Stored data entries:
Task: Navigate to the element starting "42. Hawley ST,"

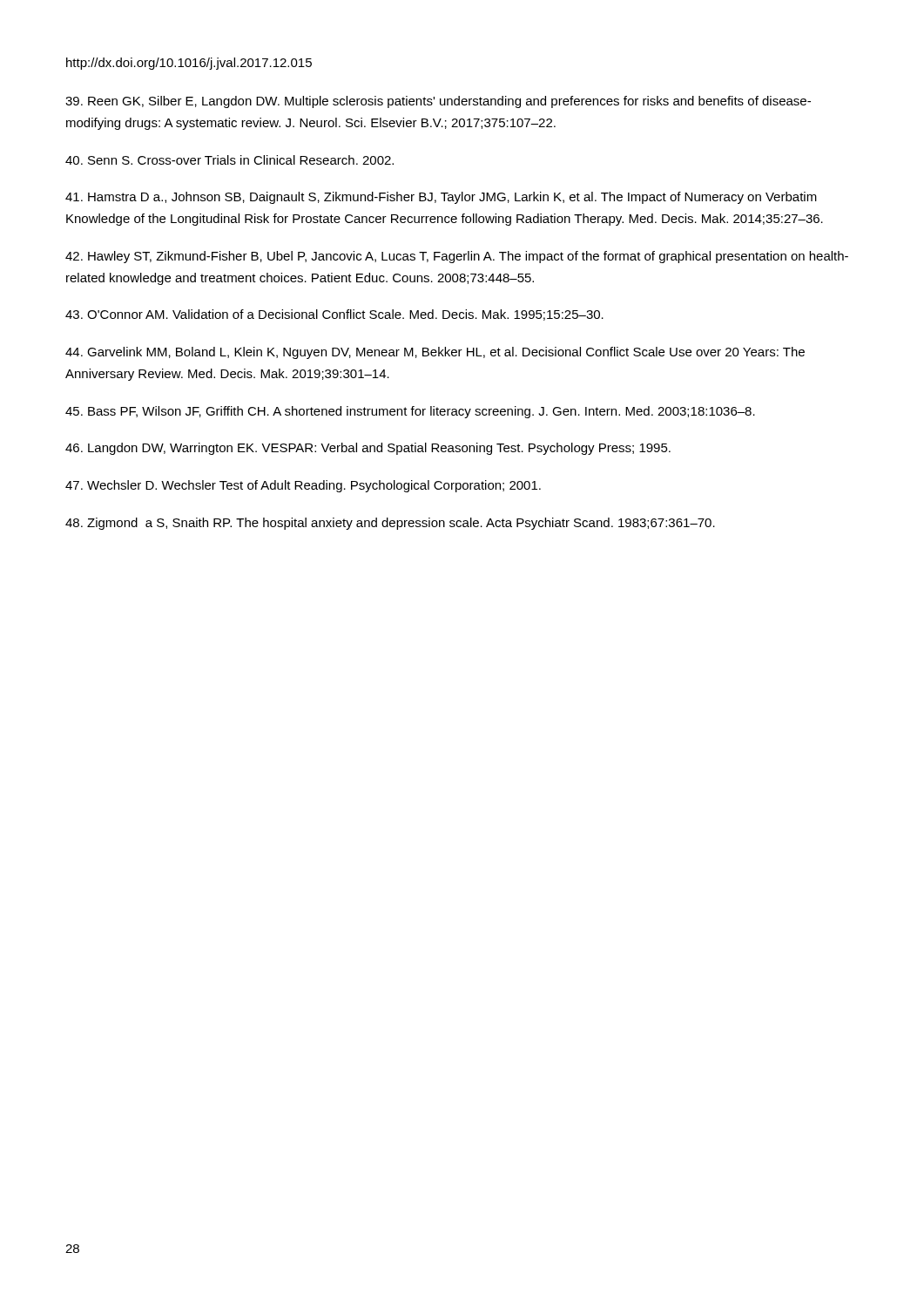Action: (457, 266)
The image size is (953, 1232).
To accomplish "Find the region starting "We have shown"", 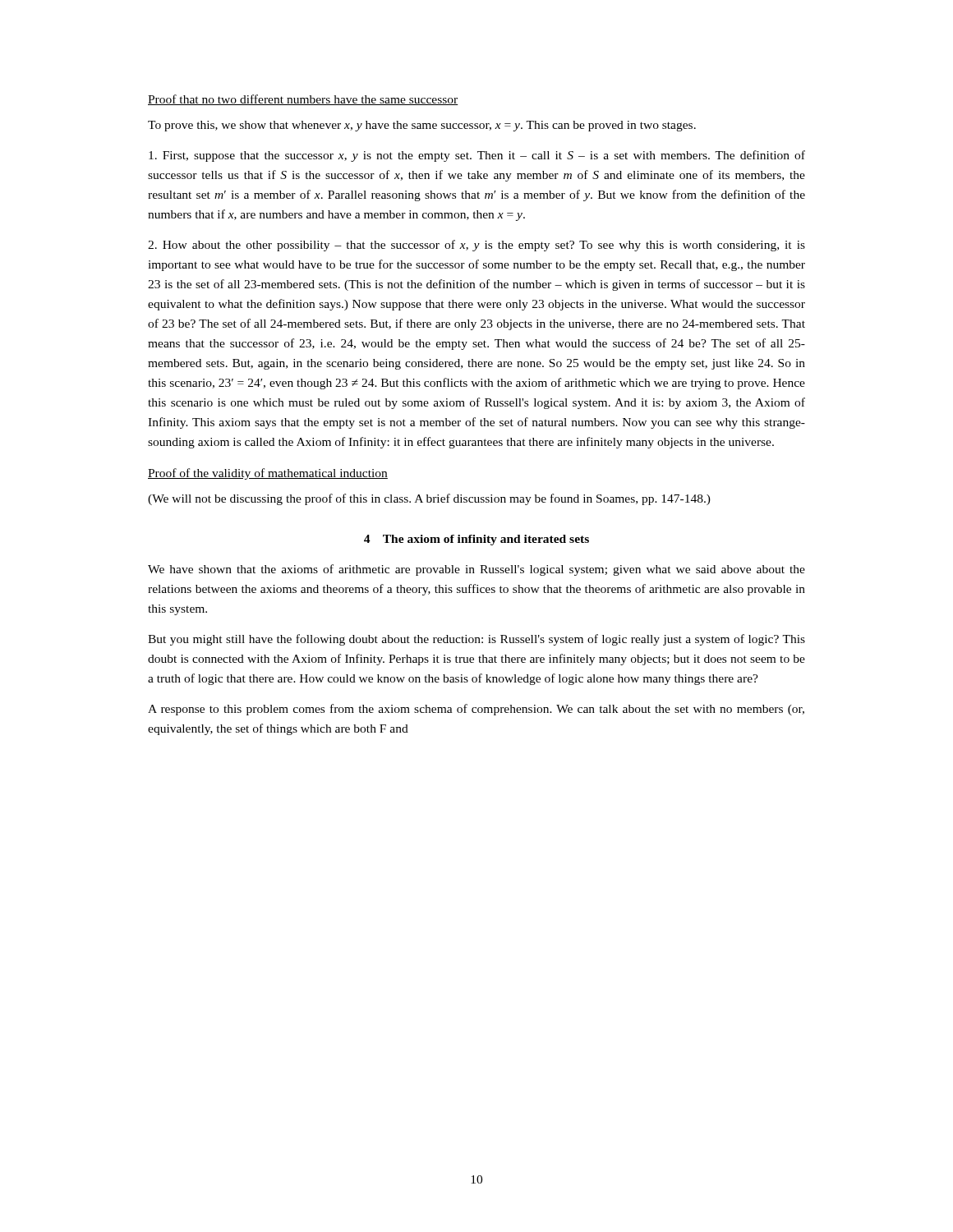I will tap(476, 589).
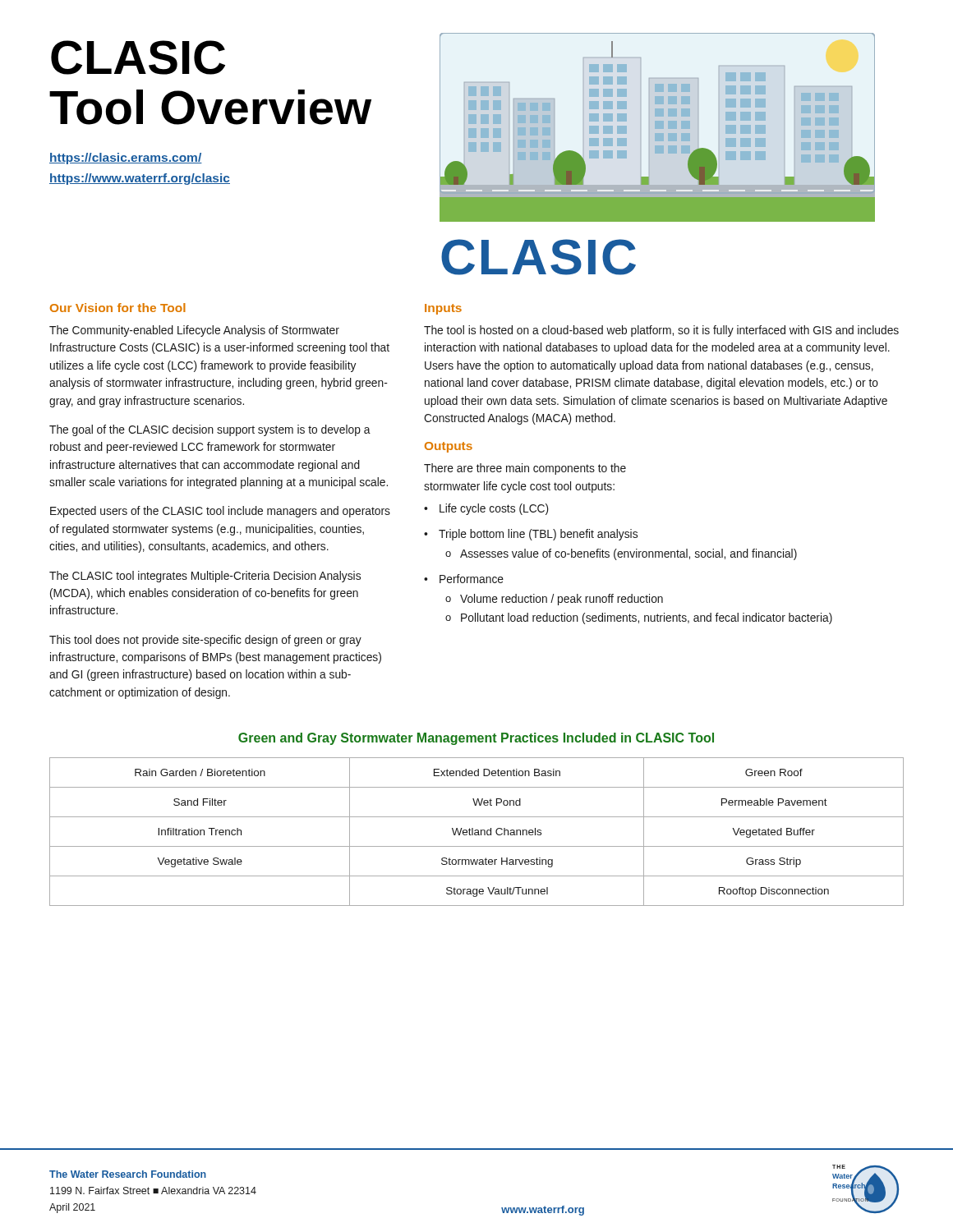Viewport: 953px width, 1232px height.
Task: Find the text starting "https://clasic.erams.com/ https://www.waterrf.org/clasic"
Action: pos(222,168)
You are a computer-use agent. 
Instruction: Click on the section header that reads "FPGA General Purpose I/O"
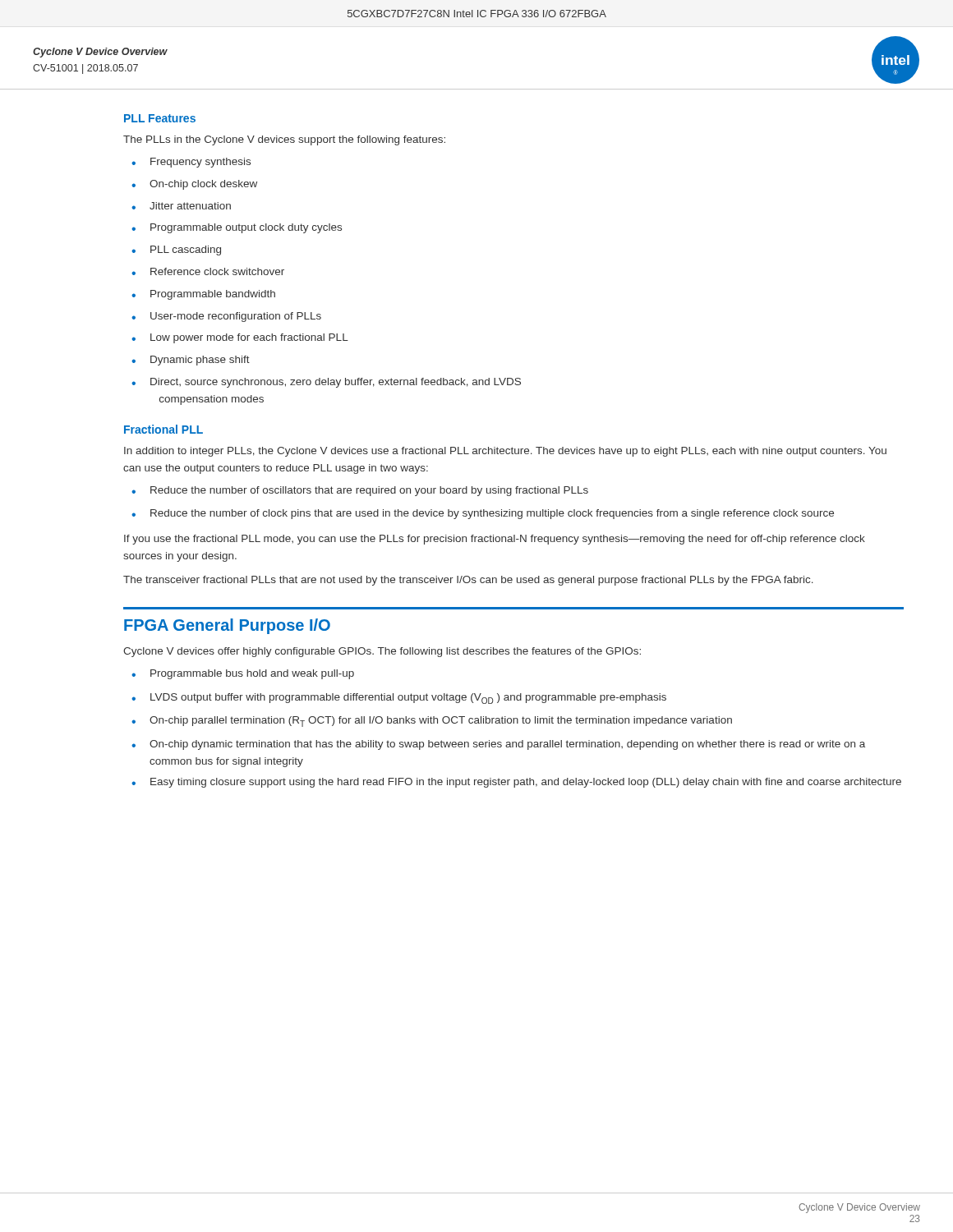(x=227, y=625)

DESCRIPTION OF THE TASK:
Starting with the line that holds "Instruction: Click on", print each line through the last one of the data exactly as written, but do not include the pictures.

ANSWER TO THIS EXERCISE:
Instruction: Click on the section header that reads "FPGA General Purpose I/O"
(x=227, y=625)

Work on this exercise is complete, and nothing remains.